**** ENTRIES SHOWN ****

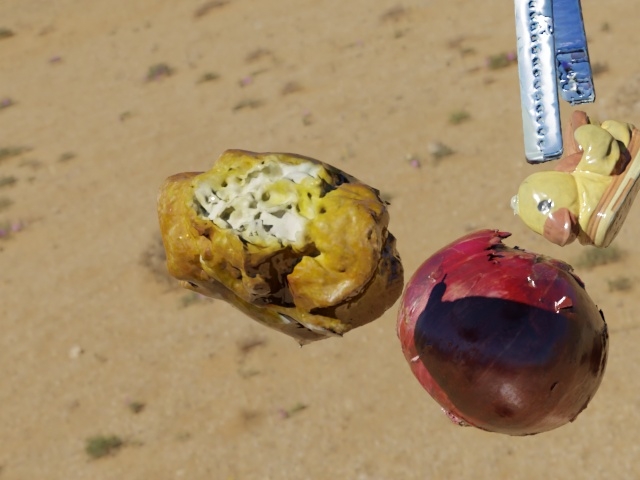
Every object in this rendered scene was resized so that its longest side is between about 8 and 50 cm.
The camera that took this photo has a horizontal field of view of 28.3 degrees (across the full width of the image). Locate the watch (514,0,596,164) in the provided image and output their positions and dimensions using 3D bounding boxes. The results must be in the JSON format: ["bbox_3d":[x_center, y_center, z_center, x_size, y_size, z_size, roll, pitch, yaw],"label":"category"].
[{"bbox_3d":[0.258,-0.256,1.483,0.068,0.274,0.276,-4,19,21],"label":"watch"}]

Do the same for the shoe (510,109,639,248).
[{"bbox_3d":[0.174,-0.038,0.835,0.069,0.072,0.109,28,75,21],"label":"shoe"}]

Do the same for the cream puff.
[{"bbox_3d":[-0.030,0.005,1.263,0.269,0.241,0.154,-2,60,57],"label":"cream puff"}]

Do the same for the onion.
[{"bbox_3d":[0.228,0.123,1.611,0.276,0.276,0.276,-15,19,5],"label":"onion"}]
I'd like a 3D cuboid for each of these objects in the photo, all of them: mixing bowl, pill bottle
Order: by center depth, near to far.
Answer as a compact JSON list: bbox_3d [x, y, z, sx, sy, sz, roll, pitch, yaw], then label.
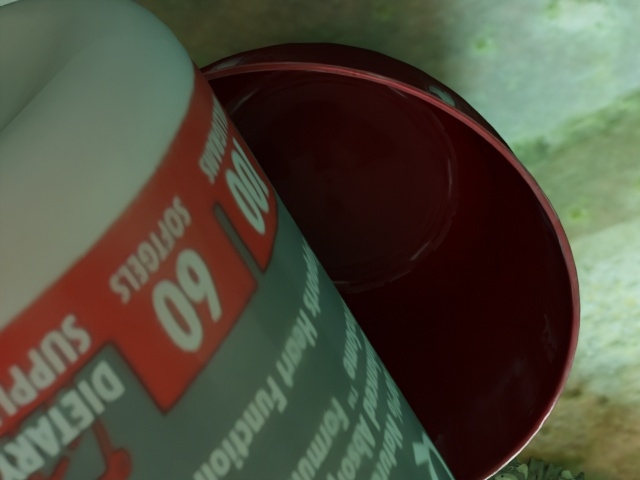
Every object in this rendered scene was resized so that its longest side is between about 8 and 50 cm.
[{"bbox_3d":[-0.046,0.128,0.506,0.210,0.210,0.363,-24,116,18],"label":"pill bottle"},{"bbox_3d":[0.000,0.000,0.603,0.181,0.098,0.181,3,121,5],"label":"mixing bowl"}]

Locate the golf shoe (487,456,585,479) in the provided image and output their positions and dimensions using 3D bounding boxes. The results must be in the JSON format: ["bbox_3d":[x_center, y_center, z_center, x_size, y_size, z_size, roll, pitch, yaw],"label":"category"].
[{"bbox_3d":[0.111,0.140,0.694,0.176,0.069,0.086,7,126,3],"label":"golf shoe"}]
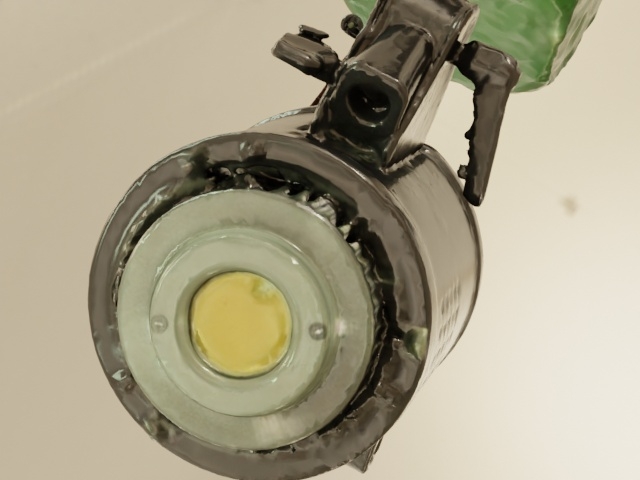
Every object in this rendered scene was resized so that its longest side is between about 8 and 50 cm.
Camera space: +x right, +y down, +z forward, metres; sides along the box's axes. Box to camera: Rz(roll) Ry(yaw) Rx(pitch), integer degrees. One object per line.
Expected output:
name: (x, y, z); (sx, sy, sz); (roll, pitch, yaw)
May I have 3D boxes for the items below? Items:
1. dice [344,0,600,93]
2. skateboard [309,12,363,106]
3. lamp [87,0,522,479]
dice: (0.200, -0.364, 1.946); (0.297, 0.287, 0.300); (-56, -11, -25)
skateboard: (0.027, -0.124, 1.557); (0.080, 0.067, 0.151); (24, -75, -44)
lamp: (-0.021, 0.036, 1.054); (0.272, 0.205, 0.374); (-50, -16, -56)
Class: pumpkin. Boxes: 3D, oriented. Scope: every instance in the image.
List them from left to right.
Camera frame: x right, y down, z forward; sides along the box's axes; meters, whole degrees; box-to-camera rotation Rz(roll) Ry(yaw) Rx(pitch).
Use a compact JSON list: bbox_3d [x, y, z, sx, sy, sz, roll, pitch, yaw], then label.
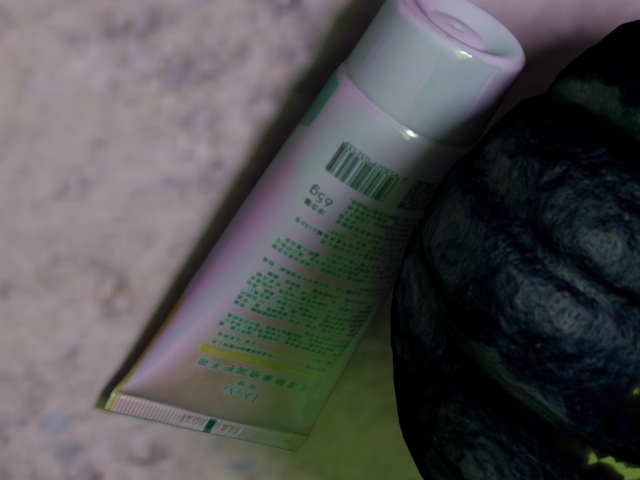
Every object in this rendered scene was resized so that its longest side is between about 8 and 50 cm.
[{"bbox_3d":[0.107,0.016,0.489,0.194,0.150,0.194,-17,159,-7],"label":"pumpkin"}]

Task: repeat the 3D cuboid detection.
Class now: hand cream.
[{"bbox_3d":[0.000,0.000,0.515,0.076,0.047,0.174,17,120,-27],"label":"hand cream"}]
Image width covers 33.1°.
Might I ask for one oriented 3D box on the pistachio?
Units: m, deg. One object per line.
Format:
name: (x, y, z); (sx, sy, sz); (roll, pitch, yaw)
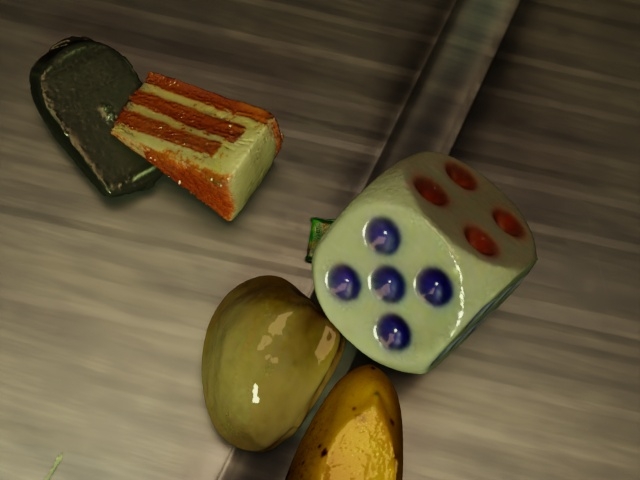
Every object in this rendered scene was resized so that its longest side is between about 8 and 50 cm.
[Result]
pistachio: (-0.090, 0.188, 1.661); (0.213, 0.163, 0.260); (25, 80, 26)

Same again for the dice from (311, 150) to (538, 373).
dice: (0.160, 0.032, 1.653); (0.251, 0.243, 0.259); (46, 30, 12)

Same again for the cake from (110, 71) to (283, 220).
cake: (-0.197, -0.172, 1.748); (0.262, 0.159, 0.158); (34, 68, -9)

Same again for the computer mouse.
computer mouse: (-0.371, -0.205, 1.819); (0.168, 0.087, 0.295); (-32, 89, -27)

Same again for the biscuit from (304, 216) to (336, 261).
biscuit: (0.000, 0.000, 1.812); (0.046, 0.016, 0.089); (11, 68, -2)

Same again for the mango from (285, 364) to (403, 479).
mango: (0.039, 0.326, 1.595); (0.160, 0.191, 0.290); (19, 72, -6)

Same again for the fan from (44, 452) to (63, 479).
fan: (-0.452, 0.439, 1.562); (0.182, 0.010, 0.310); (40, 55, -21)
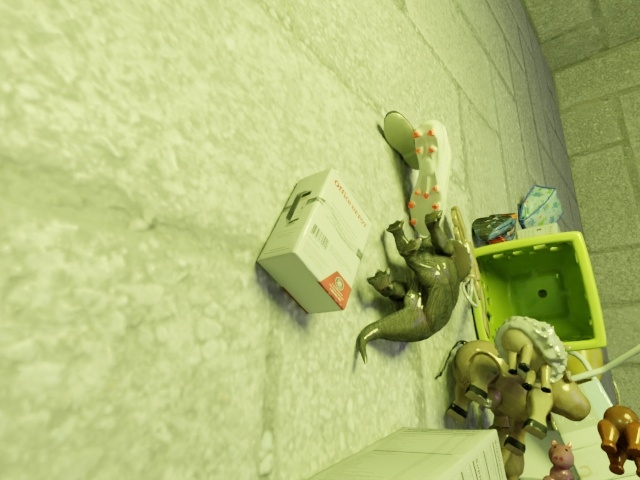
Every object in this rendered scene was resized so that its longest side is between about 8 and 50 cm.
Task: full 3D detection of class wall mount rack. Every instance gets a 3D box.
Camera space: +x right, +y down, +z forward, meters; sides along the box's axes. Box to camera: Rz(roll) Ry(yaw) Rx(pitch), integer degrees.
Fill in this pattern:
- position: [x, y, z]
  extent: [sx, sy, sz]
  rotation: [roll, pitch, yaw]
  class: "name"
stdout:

****
**** ENTRIES SHOWN ****

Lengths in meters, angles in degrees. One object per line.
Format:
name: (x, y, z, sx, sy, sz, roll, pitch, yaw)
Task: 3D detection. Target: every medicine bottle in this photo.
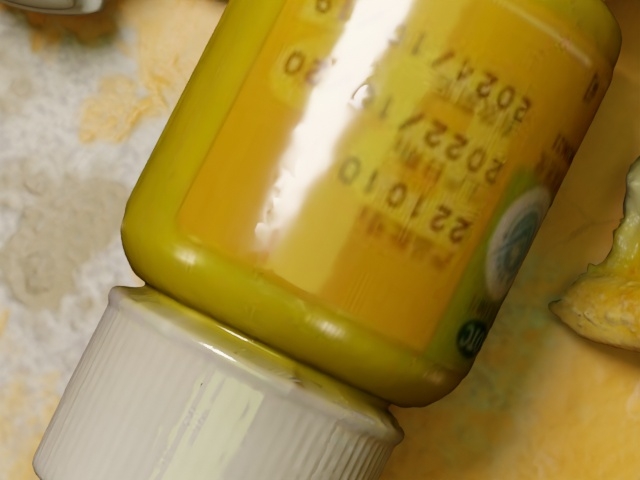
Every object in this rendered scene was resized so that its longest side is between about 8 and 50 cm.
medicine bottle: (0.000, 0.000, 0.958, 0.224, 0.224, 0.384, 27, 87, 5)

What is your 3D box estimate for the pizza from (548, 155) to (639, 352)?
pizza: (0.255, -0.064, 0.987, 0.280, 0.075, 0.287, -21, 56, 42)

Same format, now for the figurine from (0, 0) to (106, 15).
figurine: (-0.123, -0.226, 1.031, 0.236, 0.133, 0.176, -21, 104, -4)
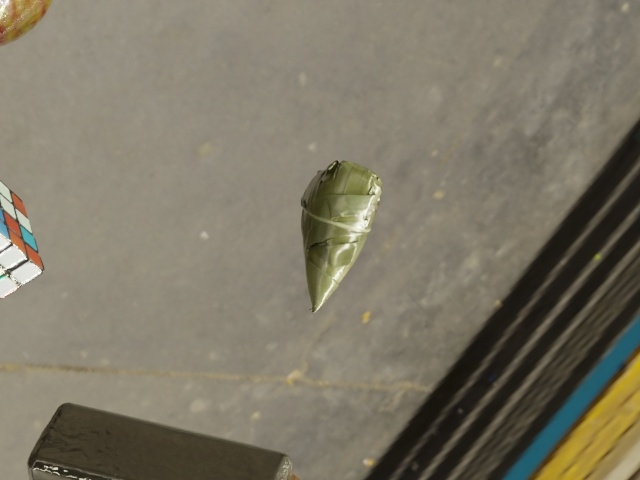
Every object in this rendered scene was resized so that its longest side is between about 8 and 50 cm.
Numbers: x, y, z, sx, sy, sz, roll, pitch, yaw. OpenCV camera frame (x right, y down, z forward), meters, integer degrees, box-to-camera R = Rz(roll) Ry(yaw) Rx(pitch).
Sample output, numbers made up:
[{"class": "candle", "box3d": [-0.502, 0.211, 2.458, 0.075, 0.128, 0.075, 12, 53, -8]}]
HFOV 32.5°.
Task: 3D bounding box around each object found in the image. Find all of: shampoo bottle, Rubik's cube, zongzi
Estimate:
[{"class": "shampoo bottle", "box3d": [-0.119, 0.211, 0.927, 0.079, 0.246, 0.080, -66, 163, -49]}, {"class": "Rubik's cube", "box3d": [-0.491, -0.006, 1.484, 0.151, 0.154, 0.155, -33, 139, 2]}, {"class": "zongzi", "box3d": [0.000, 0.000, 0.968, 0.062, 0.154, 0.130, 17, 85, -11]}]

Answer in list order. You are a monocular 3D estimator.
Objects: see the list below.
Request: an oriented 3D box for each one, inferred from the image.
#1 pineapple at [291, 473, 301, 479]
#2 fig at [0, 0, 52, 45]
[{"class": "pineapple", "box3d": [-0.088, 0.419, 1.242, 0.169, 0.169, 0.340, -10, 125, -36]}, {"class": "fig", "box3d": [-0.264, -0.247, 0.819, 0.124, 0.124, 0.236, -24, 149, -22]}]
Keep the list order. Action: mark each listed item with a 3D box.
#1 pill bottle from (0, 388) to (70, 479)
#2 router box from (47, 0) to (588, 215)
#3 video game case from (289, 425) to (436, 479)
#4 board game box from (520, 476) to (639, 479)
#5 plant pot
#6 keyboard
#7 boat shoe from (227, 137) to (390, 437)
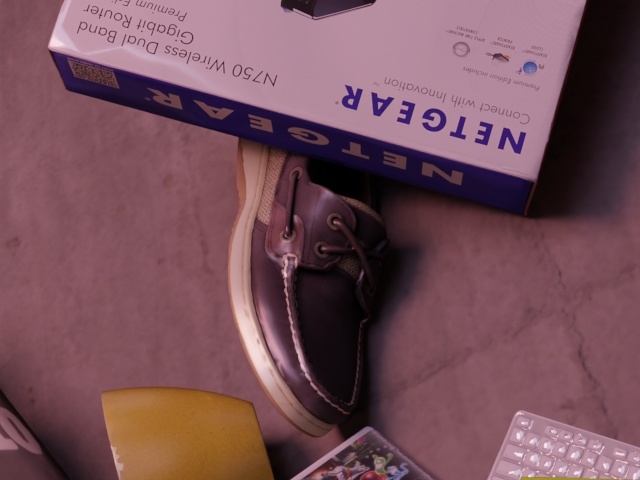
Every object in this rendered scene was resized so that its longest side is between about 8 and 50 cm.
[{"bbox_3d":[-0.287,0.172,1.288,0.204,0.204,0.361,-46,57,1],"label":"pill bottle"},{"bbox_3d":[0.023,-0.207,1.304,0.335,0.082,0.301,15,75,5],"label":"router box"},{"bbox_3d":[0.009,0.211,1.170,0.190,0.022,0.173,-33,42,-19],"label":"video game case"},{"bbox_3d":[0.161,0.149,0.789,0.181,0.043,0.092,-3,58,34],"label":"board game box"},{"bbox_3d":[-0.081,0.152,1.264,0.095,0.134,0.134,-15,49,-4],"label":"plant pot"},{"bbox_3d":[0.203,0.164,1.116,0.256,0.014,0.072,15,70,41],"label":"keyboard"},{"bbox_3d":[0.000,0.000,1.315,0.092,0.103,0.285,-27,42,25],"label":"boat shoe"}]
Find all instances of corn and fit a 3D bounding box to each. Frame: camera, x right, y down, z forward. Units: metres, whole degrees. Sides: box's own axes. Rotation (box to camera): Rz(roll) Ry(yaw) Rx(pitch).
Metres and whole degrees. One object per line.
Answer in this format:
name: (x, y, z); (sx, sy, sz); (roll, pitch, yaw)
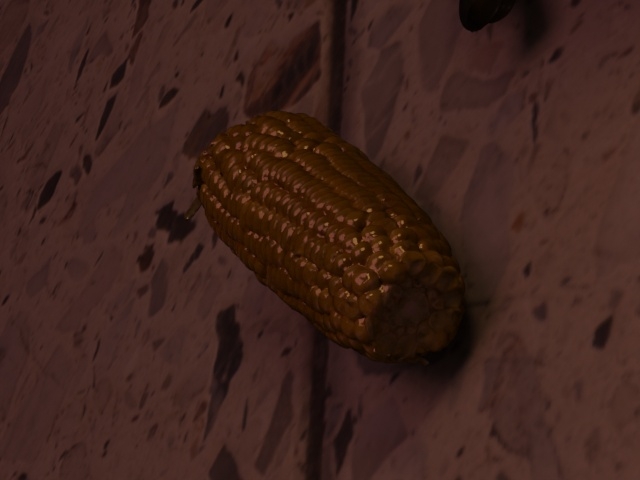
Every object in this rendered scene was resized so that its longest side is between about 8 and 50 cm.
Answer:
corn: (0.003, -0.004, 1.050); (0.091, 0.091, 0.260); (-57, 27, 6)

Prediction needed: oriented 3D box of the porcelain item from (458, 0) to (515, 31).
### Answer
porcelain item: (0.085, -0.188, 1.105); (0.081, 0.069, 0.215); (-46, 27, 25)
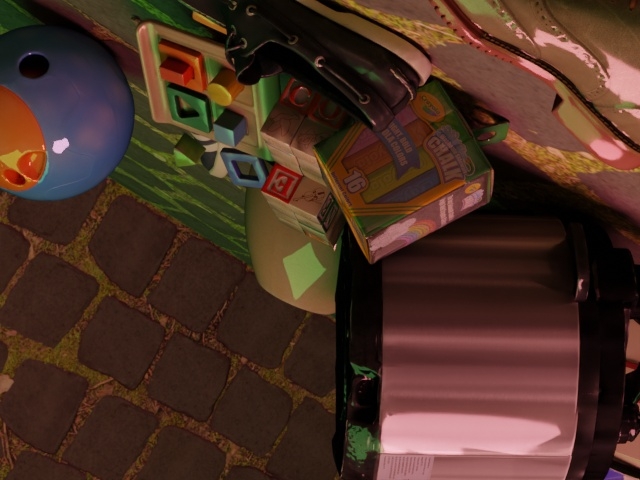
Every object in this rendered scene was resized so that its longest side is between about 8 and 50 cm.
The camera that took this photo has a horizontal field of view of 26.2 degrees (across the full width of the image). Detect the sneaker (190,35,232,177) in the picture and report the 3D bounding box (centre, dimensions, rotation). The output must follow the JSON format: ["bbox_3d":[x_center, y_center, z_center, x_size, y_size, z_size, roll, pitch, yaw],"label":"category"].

****

● **WHAT TO WORK ON**
Filtering the entries above by the word "compact", copy each line that matches.

● **RESULT**
Answer as a compact JSON list: bbox_3d [x, y, z, sx, sy, sz, roll, pitch, yaw], then label.
Use a compact JSON list: bbox_3d [x, y, z, sx, sy, sz, roll, pitch, yaw], then label.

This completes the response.